Newroz destanı ilham verici bir şekilde birbaşka tarihsel destanla kesişiyor. Newroz’un Gılgameş destanıyla arasındaki paralellik hayranlık uyandırıcı. Gılgameş’in ölümsüzlük iksiri yani özgürlük arayışını konu alan bu destanda, özgürlük arayışına karşı yaşanan ihanetler, zayıflık, kadının düşürülmüşlüğü, toplumsal yozlaşma, doğaya karşı var olma mücadelesi, kötü güçlere karşı savaş ve insan iradesinin büyüklüğü resmediliyor. Destanda ifade edilen ölümsüzlük iksiri, ölümü ortadan kaldırmaya yönelik değil ölüm olacaksa anlamlı ve onu özgür kılmaya yönelik bir arayış olarak tasavvur ediliyor. Destanda ölümsüzlük iksirinin yılana (kötülüğe, zalimliğe) kaptırılmış olması bu özgürlük arayışına karşı devasa engellerin somut ifadesidir.
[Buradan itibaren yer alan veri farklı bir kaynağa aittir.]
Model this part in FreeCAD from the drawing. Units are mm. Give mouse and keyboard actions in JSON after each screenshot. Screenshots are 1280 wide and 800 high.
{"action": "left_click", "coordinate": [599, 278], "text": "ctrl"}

6 bin yıl önce Gılgameş’in aradığı ölümsüzlük iksiri ya da özgürlük arzusu, 3 bin yıl sonra Newroz destanında bir başka boyutta hayat bulur. Gılgameş’te ölümsüzlük iksirini yiyen yılan, 3 bin yıl sonra Dehaq’ın omuzlarında hayat bularak gençlerin beynini yemeye başlar. Aynı yılan bugün her yerde düşünce ve ifade özgürlüğünü yemektedir. Sadece kötülüğü temsil eden yılanın sürekliliği değildir kendisini tekrar eden, süreklileştiren. Aynı zamanda özgürlük istenci, arayışı, ölümsüzlük iksirine duyulan ihtiyaç ve bu uğurda verilen mücadele de kesintisiz bir şekilde süreklileşmiştir.
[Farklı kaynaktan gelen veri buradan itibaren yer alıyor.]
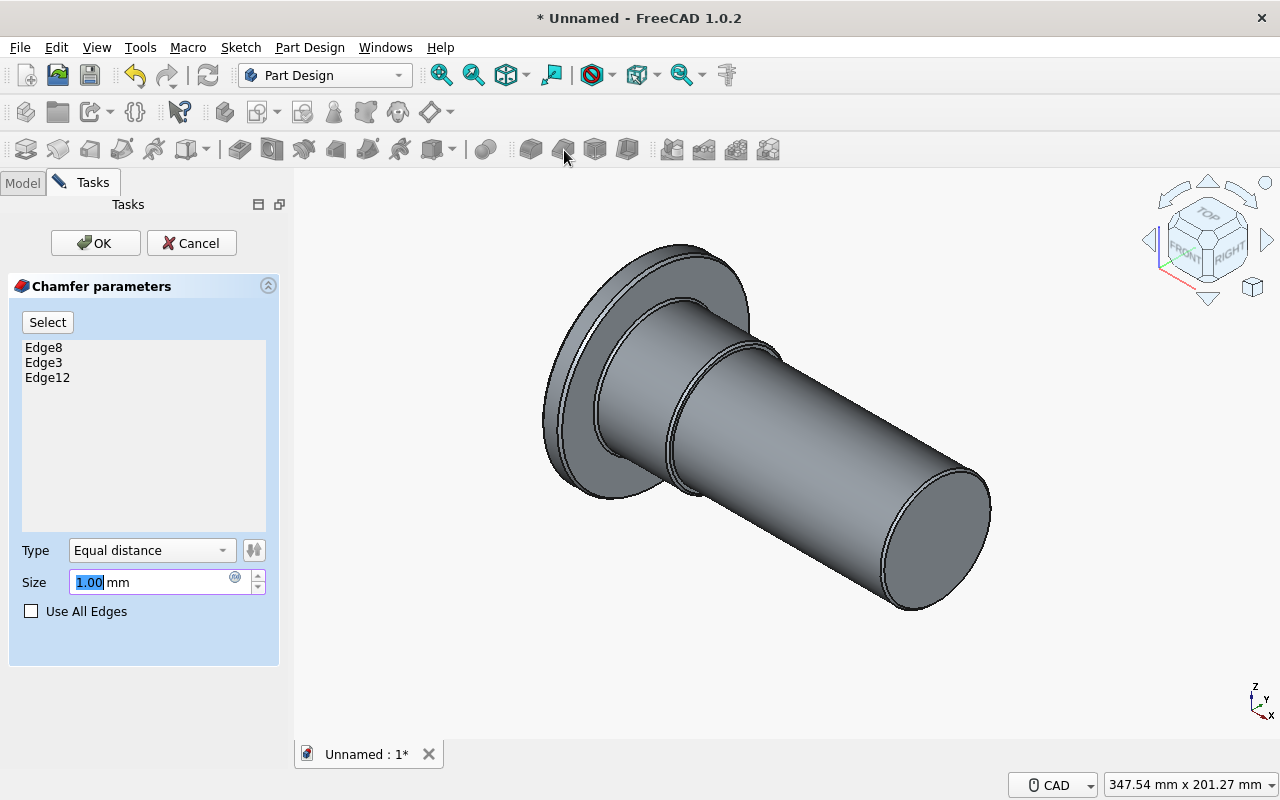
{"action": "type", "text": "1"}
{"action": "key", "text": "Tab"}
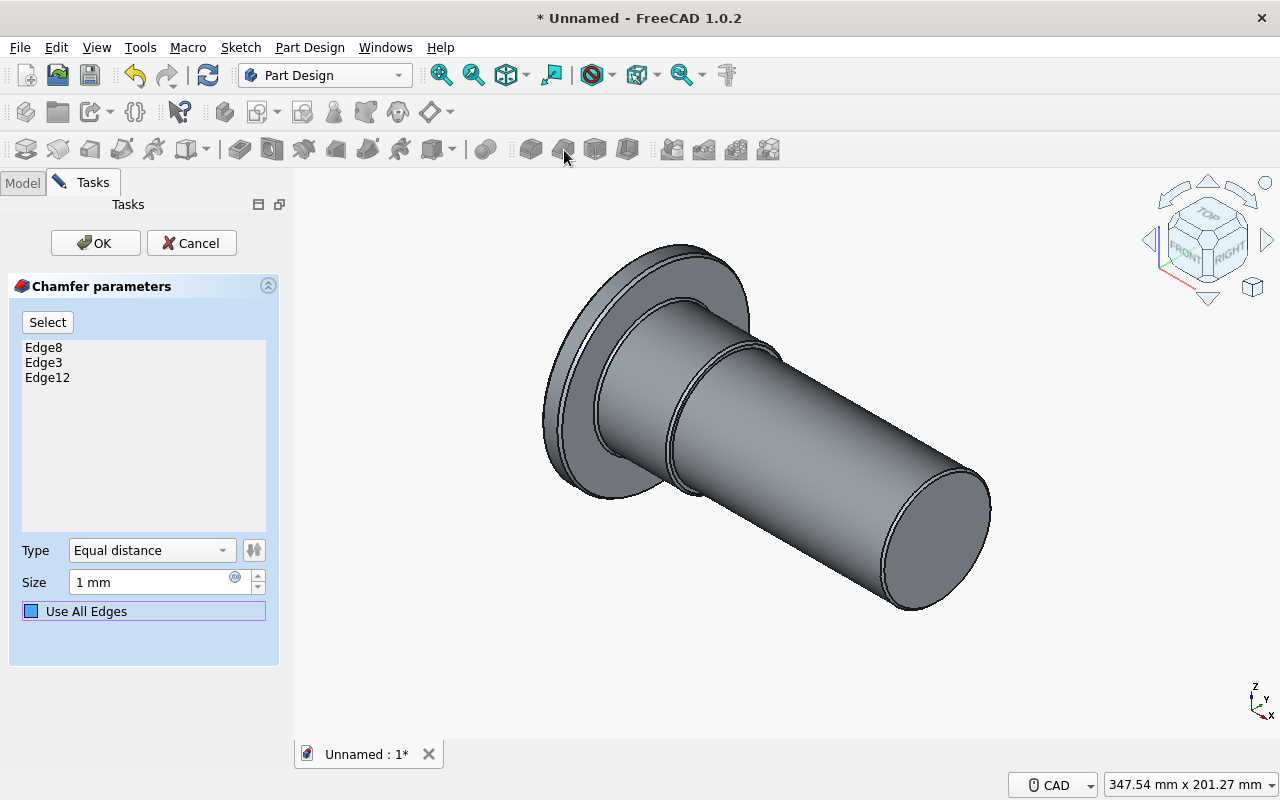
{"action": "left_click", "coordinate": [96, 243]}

Kürt halkı mücadelesinin zirveleştidiği 1990’lardan itibaren Newroz bayramlarını bütün yasaklamalara ve saldırılara rağmen, mücadelenin zirvesi haline getirdi. Newroz öylesine büyük bir etki ve toplumsal dönüşüm yarattı ki, yıllarca Newrozu yasaklayanlar bile zamanla “aslında Newroz bizim bayramımızdı” diyerek, yumurta tokuşturma, yanmayan ateşin üzerinde atlama gibi komikliklere mecbur kaldı.
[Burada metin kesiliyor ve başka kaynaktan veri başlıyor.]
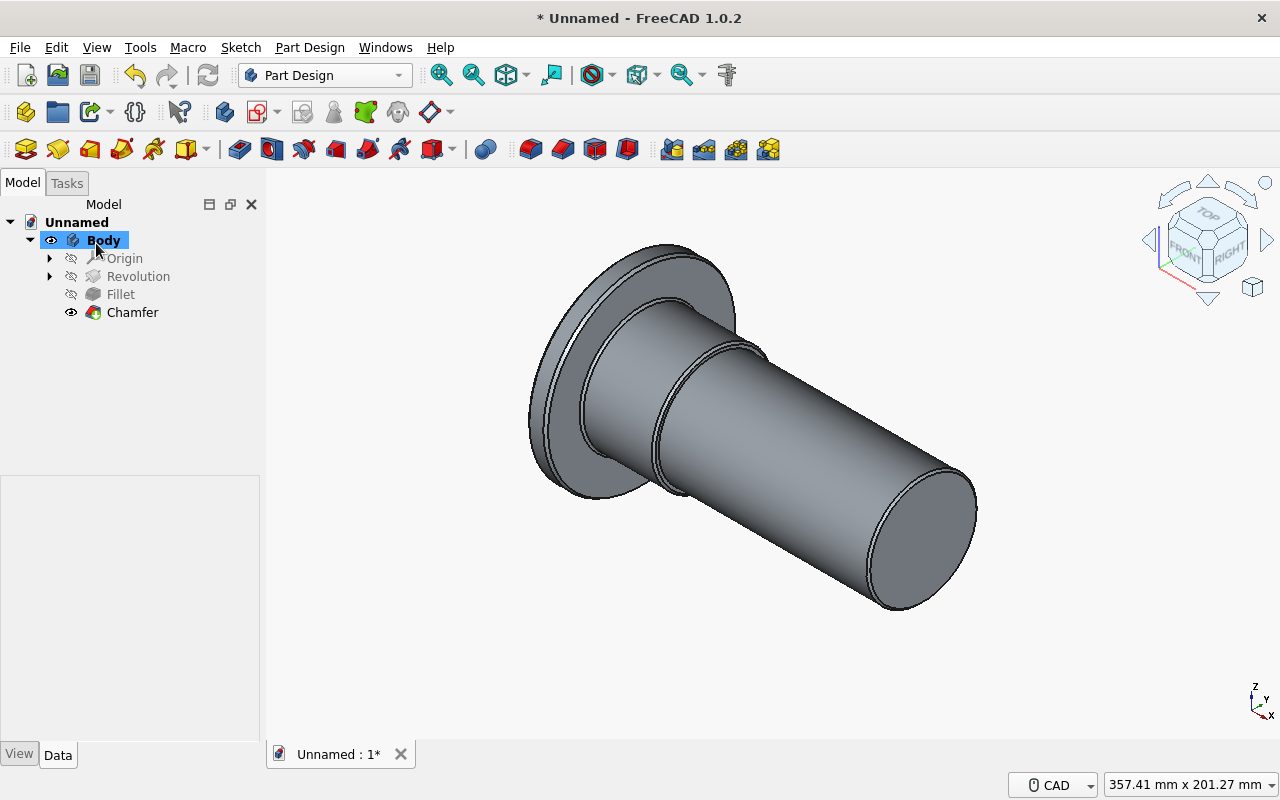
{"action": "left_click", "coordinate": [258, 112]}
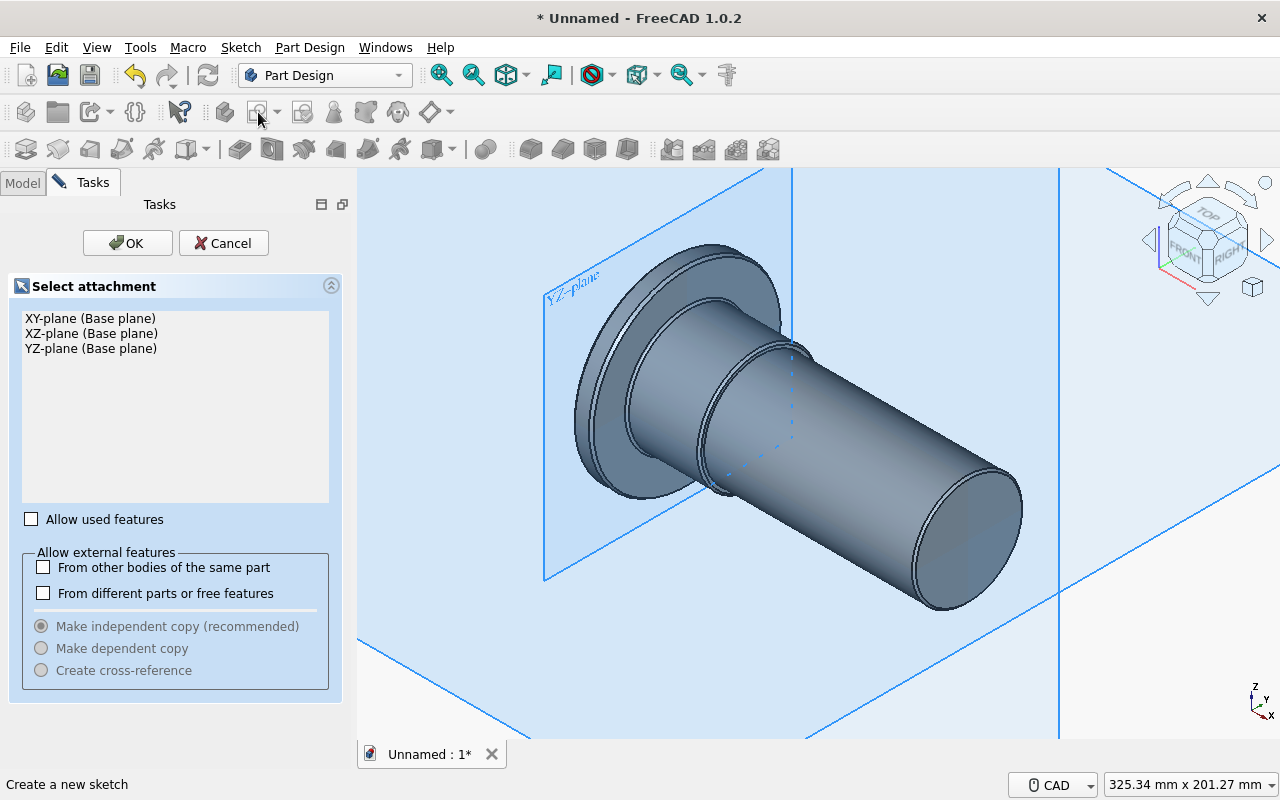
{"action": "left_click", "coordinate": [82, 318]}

Kürt halkı ne kadar toplumsal sorunu varsa, hepsine Newroz ile ve onu var eden bedellerle muazzam bir müdahale sürecine dönüştürdü. Mazlumların, Rahşanların, Zekiyelerin yarattığı miras milyonlaştı, alanlara aktı. Bir halk kötülüğe, karanlığa karşı yakılan ateşi kuşandı, ateşle soğuğu, kışı, ayazı, kötülüğü, çaresizliği, takatsizliği kovdu, yok etti. 2000’li yıllarda içeriden gelişen tasfiye sürecine Newroz alanları müdahale etti. 2013-2015 yılları arasında milyonlarca insan, barışın ve çözümün yolunu Newroz alanlarında gösterdi. Her saldırı ve tasfiye süreci, her inkar ve imha konseptine Newroz alanlarından milyonlar karşılık verdi.
Başka bir tarih ve destan sürecini yaşıyoruz. Ne Gılgameş ne de Newroz destanında resmedilmeyecek kadar büyük bir fedakarlık, adanmış ve direniş ruhuyla Newrozu karşılıyoruz. Bir halkın düşüncelerinden, var olma istencinden kaynaklı hapsedilen binlerce evladı, ölümün üzerine gidiyor, kendisini yoldaşının uğruna feda etme yarışına giriyor. En az 5 bin insan bedenini eritirken, toplumun tümüne de özgürlük iksirinin yolunu gösteriyor.
İşte 2019 Newroz’u bu özgürlük iksirine duyulan ihtiyacın bayramı oldu. Amed’de, Van’da, Batman’da onlarca merkezde, milyonlarca insan Leyla oldu alanlara aktı ve tecrit kötülüğü ve faşizme karşı tarihsel müdahalesini yaptı. Leyla ve direnişçiler kazandı, Newroz bir kez daha zaferi müjdeledi. Newroz Pîroz Be!